Il gregge euforico

Il gregge euforico© BARTOLETTI
Giancarlo Dotto
4 min

Roma, Torino, Milano, Bergamo, Firenze, La Spezia, Cagliari, Salerno. A ogni latitudine, la stessa storia. Biglietti a ruba, stadi esauriti. Ammucchiate euforiche che non si vedevano in Italia da anni, da molto prima dell’incubo in cui siamo precipitati a causa di un virus di cui, fino alla fine del 2019, ignoravamo l’esistenza. Ovunque. Che si giochi per vincere, per salvarsi o senza nessuna posta in palio, lo stesso mirabolante boom di vitalità. Non giustificato nemmeno dalla qualità dello spettacolo che passa sotto i nostri occhi. Detto brutalmente, le nostre partite, i nostri campi, i nostri stadi sono scenari di un calcio minore. E allora? Come si spiega questo ritorno enfatico, commovente e forse anche un po’ felicemente folle alla vita? 

Ritorno alla vita, certo. Voglia di lasciare alle spalle l’incubo. Ma c’è altro. Qualcuno l’aveva detto, la pandemia sarebbe stata sconfitta il giorno in cui ci saremmo liberati dall’assedio dei numeri e delle parole. I loop nefasti dei notiziari, le maschere non meno nefaste di virologi, epidemiologi, saltimbanchi della chiacchiera spacciata per sapere. E la maschera più nefasta di tutte. Quella del virus. Il Joker più cattivo di sempre. La maschera più sinistra di un Halloween che ci ha lasciato per due anni letteralmente senza respiro, una sfera puntinata, sinistramente simile a una mina molto vagante. In origine, fu un pipistrello. Da lì, per un tempo esagerato, un minuscolo dittatore, seicento volte più piccolo del diametro di un capello, ci ha messo all’angolo. Con il suo micidiale arsenale simbolico, prima ancora che con le sue azioni malvagie.  

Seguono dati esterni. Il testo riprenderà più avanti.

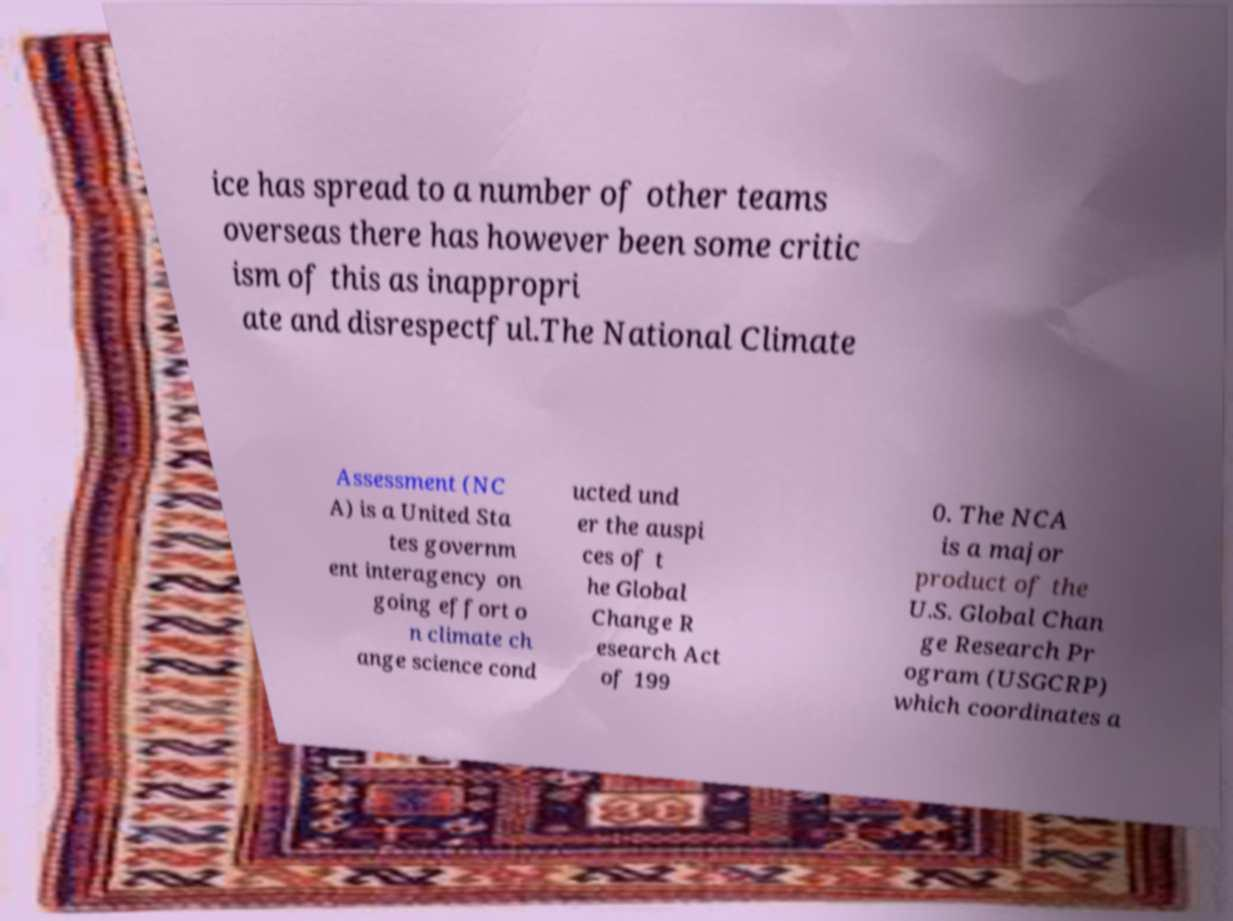Please identify and transcribe the text found in this image. ice has spread to a number of other teams overseas there has however been some critic ism of this as inappropri ate and disrespectful.The National Climate Assessment (NC A) is a United Sta tes governm ent interagency on going effort o n climate ch ange science cond ucted und er the auspi ces of t he Global Change R esearch Act of 199 0. The NCA is a major product of the U.S. Global Chan ge Research Pr ogram (USGCRP) which coordinates a 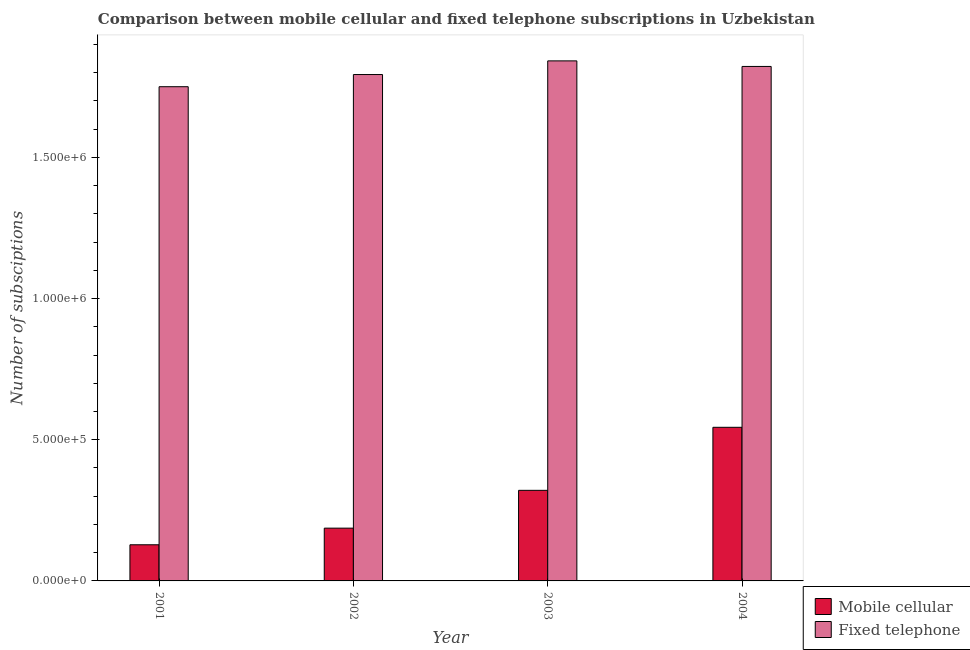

La pandemia esaurisce di fatto il suo slancio, si fa per dire, vitale, quando parte la rivolta, quando la collettività esausta si ribella e sceglie, senza saperlo, ma vaccinandosi a più non posso, di convivere con il Joker e con il Vampiro. Come si convive con mille altri agguati e minacce. Torniamo alla vita quando cambia il ballo in maschera che ha infestato per due anni il nostro inconscio. A cominciare dalle mascherine, dietro le quali filtravano sguardi smarriti se non terrorizzati. Lo choc collettivo ci ha messo la museruola e chiusi in un carcere che va ben oltre le quattro mura. L’abbrutimento sociale. Il prossimo vissuto come minaccia. In mancanza di una bussola ci siamo fatti flagellare dalle maschere cattive di una lingua feroce perché povera e ripetitiva. 

Vale per il calcio, ma non solo. Basta fare un giro di questi tempi per i centri storici delle città, i luoghi turistici, le spiagge. Siamo tornati ad essere un gregge euforico, solidale, invece che pecore slabbrate dalla paura. Non si sa quanto immuni, ma certo riconciliati con la vita. Il terrore smascherato. Mascherine e maschere dello spavento via via soppiantate da maschere più allegre. Questo del ritorno alla vita e agli stadi è il calcio degli allenatori più che dei giocatori. Personalità forti, maschere accattivanti. Da Crisanti a Mourinho, c’è tutta la differenza del mondo. Non solo Mou, gli Allegri, gli Spalletti, i Gasperini, Juric e Italiano. Scalmanati, attaccabrighe, fanfaroni, scanzonati. Fusion felice dei Brighella, dei Pulcinella e degli Arlecchino di sempre. Gettano cappotti, invadono i campi, sparlano e straparlano. In comune, la mimica esagerata. Sono loro i mattatori al centro di queste feste catartiche che sono i nostri stadi ai giorni nostri.